Social studies education
Deliberating in a Democracy (DID) project
“We are Lithuanians and our character is a little bit
different from the rest of the states, especially the
Americans. And what we are used to is to argue, from the
beginning. And here, this method taught me and my students
just to get the main point then to listen to others and to
make to some conclusion, to solve the issue at the end and
so get some results and of course leave with your own
aspects. So I like it very much and my students also.”—Teacher
from Lithuania
Should all citizens of voting age be required to register and
vote in federal elections or face fines? Should
physician-assisted suicide be legal? These are the types of
controversial public issues that secondary students are
discussing as part of the
Deliberating in a Democracy (DID) Project. DID is a
five-year project directed by the Constitutional Rights
Foundation Chicago (CRFC) and funded by the U.S. Department of
Education. Professor Patricia Avery
is leading an evaluation of this innovative program, which
strives to introduce such rich discussions into five urban
centers in the United States, as well as the emerging
democracies of Lithuania, Estonia, Russia, Azerbaijan, and the
Czech Republic.
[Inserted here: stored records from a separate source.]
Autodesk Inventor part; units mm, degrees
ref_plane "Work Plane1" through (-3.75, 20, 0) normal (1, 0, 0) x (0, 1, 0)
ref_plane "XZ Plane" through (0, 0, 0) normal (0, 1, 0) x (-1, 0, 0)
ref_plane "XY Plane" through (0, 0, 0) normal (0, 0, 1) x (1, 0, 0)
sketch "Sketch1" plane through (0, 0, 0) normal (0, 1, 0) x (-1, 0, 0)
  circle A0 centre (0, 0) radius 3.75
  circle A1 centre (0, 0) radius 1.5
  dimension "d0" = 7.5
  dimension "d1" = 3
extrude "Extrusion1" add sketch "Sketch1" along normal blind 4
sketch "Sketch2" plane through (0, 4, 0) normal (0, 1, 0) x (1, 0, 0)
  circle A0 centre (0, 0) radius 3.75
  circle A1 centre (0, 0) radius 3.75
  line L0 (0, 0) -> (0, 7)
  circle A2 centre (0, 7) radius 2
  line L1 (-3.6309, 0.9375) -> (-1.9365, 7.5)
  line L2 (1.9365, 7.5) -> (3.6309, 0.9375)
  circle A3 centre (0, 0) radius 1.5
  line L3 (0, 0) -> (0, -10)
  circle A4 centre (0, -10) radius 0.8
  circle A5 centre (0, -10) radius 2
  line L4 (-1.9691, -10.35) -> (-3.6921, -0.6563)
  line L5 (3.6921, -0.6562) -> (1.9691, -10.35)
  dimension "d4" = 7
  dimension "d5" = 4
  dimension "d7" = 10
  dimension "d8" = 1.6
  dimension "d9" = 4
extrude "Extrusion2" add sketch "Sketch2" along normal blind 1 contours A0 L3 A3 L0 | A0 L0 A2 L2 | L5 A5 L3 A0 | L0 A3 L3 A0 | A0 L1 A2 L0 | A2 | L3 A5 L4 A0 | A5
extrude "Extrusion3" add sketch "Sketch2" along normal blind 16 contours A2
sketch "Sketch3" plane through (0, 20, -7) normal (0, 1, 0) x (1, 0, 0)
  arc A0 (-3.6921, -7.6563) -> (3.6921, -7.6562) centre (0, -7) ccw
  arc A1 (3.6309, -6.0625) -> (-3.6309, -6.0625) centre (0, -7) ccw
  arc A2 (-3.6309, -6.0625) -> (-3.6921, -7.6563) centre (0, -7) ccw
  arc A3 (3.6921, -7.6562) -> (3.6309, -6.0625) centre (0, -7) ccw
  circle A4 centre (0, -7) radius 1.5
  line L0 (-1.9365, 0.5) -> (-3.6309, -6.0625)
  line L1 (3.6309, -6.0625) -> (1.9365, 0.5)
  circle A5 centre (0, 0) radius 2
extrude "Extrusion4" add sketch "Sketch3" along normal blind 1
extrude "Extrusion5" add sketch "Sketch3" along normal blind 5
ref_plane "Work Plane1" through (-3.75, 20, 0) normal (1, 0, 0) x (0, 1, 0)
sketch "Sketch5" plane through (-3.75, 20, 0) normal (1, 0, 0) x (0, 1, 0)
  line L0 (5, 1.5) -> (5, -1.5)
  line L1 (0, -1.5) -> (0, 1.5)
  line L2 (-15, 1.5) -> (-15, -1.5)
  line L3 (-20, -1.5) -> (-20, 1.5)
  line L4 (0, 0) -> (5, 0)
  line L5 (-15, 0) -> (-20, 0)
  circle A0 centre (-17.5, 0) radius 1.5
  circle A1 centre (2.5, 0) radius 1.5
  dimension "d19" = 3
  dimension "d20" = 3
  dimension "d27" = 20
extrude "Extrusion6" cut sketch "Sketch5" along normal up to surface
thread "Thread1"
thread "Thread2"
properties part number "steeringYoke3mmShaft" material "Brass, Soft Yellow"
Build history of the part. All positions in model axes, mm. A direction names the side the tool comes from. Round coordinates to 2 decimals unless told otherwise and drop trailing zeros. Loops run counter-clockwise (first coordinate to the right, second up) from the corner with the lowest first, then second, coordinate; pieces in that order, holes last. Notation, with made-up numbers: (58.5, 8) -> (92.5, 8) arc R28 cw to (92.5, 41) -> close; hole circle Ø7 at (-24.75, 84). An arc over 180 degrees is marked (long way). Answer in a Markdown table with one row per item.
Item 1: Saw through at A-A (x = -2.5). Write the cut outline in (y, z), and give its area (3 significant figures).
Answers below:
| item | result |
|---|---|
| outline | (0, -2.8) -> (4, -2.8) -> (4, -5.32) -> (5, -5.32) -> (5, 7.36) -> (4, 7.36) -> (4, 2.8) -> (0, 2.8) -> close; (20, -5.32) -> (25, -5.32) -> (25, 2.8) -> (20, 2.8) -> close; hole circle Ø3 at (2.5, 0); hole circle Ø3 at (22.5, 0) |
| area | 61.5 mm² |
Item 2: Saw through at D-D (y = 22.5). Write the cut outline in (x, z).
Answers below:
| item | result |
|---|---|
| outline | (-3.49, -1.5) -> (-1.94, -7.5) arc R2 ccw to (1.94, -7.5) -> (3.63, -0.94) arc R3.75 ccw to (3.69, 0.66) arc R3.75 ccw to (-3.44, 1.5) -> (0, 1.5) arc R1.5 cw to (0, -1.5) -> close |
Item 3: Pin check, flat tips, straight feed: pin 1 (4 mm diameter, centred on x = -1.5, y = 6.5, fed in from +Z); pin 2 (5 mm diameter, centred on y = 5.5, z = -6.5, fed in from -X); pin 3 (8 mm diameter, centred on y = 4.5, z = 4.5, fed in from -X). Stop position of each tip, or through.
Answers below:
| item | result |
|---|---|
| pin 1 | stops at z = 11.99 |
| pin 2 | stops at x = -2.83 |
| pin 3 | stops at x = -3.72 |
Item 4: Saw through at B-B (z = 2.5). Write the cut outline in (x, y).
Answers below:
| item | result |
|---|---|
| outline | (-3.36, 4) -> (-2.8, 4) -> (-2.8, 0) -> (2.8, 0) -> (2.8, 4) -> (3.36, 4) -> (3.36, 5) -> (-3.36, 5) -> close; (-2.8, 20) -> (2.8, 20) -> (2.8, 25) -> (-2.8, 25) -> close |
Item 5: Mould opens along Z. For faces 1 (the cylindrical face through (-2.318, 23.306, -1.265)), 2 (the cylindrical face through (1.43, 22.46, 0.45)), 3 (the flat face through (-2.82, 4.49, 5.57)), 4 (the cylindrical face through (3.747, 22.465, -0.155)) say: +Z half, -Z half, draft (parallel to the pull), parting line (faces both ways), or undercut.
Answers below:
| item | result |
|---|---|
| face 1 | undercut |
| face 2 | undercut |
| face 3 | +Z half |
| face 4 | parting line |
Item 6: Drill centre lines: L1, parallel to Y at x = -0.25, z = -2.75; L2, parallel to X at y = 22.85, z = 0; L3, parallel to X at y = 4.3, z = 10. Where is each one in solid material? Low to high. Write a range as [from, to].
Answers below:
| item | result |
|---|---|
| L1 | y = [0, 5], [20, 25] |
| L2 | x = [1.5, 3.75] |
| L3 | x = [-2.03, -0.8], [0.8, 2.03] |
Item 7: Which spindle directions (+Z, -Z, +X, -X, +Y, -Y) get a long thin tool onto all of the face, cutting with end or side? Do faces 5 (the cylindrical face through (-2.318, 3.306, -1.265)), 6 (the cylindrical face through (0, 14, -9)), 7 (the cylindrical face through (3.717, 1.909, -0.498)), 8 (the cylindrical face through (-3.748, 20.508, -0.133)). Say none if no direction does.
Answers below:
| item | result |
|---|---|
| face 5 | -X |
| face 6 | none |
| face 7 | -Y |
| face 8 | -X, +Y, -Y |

Avery; Carol Freeman, research associate
from the Center for
Applied Research and Educational Improvement (CAREI); and
Kyle Greenwalt, doctoral candidate in social studies, have
been evaluating a professional development that leads teachers
to implement Structured Academic Controversy (SAC), developed by
David and
Roger Johnson (professor of
educational psychology and professor of science education) in
order to increase students’ ability to participate in
deliberations about controversial public issues.
During the 2004-2005 school year, the DID Project was
conducted with 54 secondary teachers and over 1,000 students in
six sites: Azerbaijan, the Czech Republic, and Lithuania; and
the metropolitan areas surrounding Chicago, Los Angeles, and
Washington, D.C. For the current school year, the project has
added sites in Estonia; Russia; Denver, Colo.; and Columbia,
S.C. As part of the evaluation of the DID Project, multiple
types of data (focus group, interview, observational, survey)
were collected from multiple sources (students, teachers, school
administrators, site coordinators, project directors). Findings
from the initial year of the DID Project indicate that teachers
found the deliberation model relatively easy to implement.
Students reported that through their involvement in classroom
deliberations, they recognized the value of considering multiple
perspectives, and drew comparisons between classroom and “real
world” democratic practice. Students further indicated that the
format of the SAC promoted a supportive classroom environment
for the exchange of ideas.
Avery, Freeman, and Greenwalt have presented their findings
to the National Council of Social Studies (2005) and American
Educational Research Association (2006).